Data to examine -

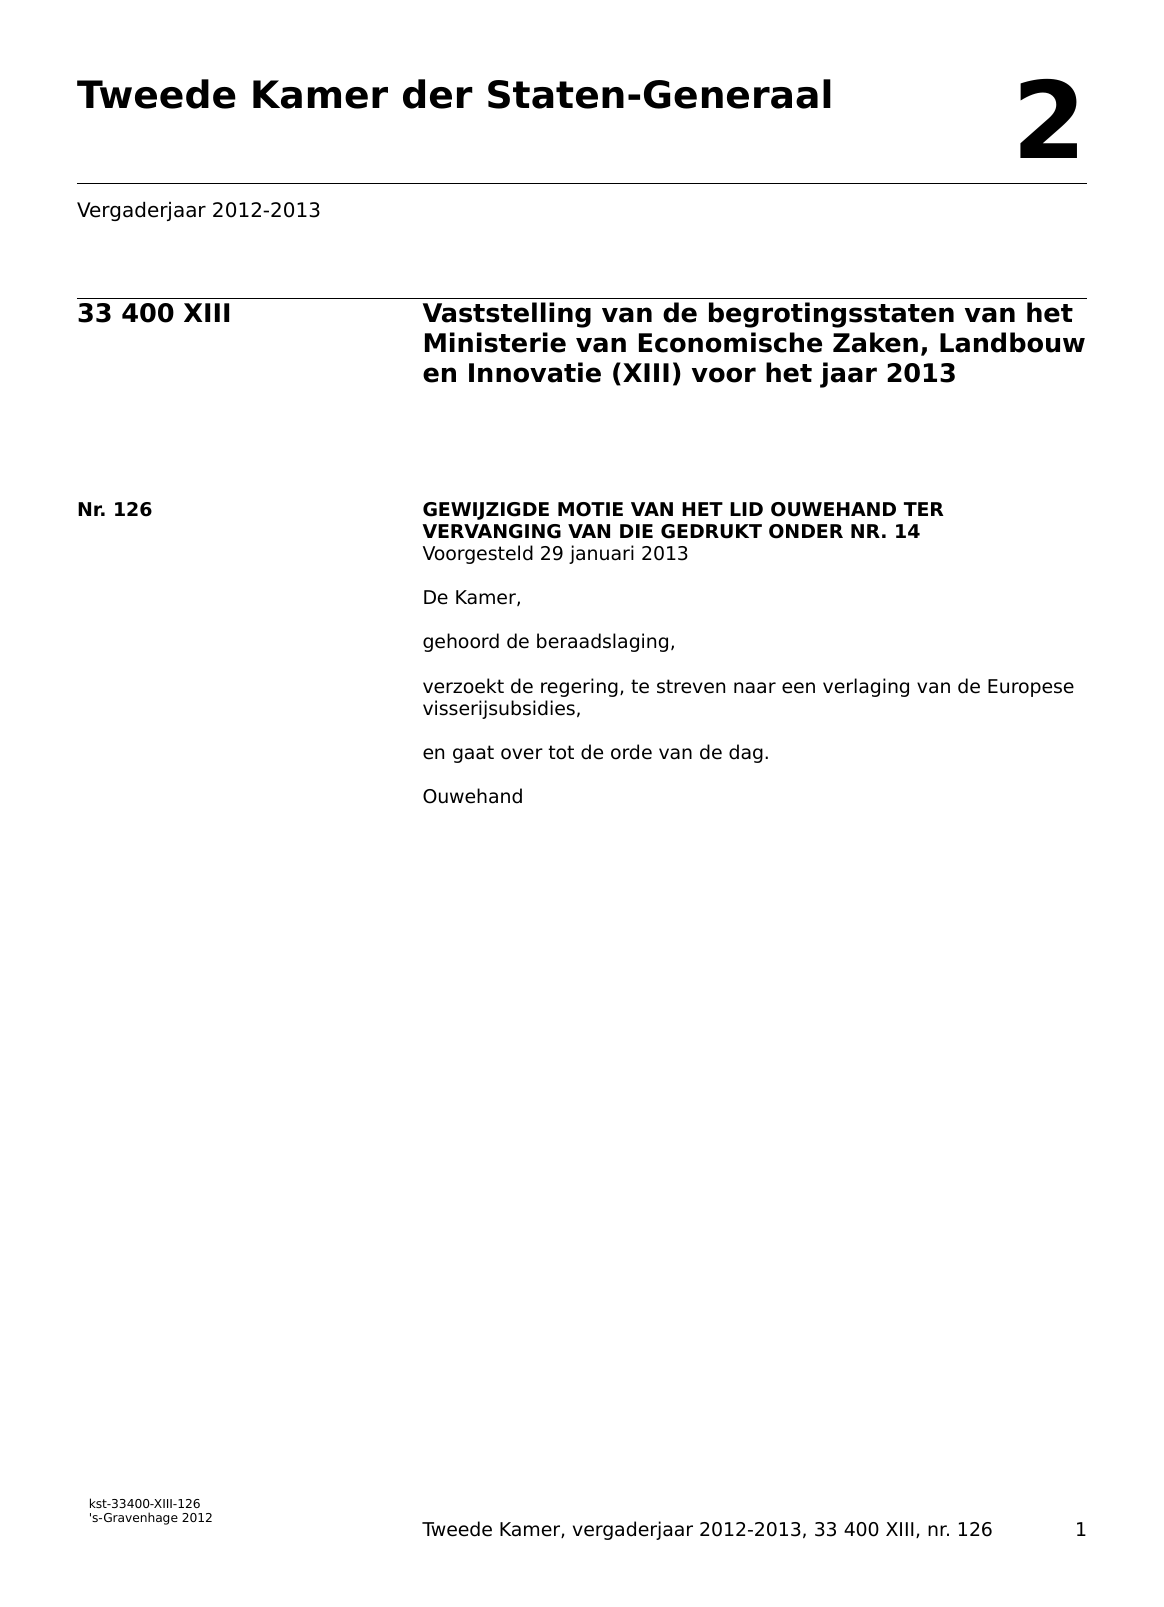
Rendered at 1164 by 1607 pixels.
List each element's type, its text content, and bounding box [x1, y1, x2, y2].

text kst-33400-XIII-126 [88, 1497, 323, 1511]
text gehoord de beraadslaging, [422, 631, 1087, 653]
table_cell Vergaderjaar 2012-2013 [77, 184, 1087, 298]
text en gaat over tot de orde van de dag. [422, 742, 1087, 764]
text 's-Gravenhage 2012 [88, 1511, 323, 1525]
text Ouwehand [422, 786, 1087, 808]
text De Kamer, [422, 587, 1087, 609]
subtitle Nr. 126 GEWIJZIGDE MOTIE VAN HET LID OUWEHAND TER VERVANGING VAN DIE GEDRUKT ONDER NR. 14 [77, 499, 1087, 543]
subtitle 33 400 XIII Vaststelling van de begrotingsstaten van het Ministerie van Economische Zaken, Landbouw en Innovatie (XIII) voor het jaar 2013 [77, 299, 1087, 388]
table_header 2 [886, 59, 1087, 183]
text verzoekt de regering, te streven naar een verlaging van de Europese visserijsubsidies, [422, 676, 1087, 719]
table_header Tweede Kamer der Staten-Generaal [77, 59, 886, 183]
text Voorgesteld 29 januari 2013 [422, 543, 1087, 565]

What this task involves -
If a line of the records above holds the word "subtitle", show it.

Completed exercise -
subtitle Nr. 126 GEWIJZIGDE MOTIE VAN HET LID OUWEHAND TER VERVANGING VAN DIE GEDRUKT ONDER NR. 14 [77, 499, 1087, 543]
subtitle 33 400 XIII Vaststelling van de begrotingsstaten van het Ministerie van Economische Zaken, Landbouw en Innovatie (XIII) voor het jaar 2013 [77, 299, 1087, 388]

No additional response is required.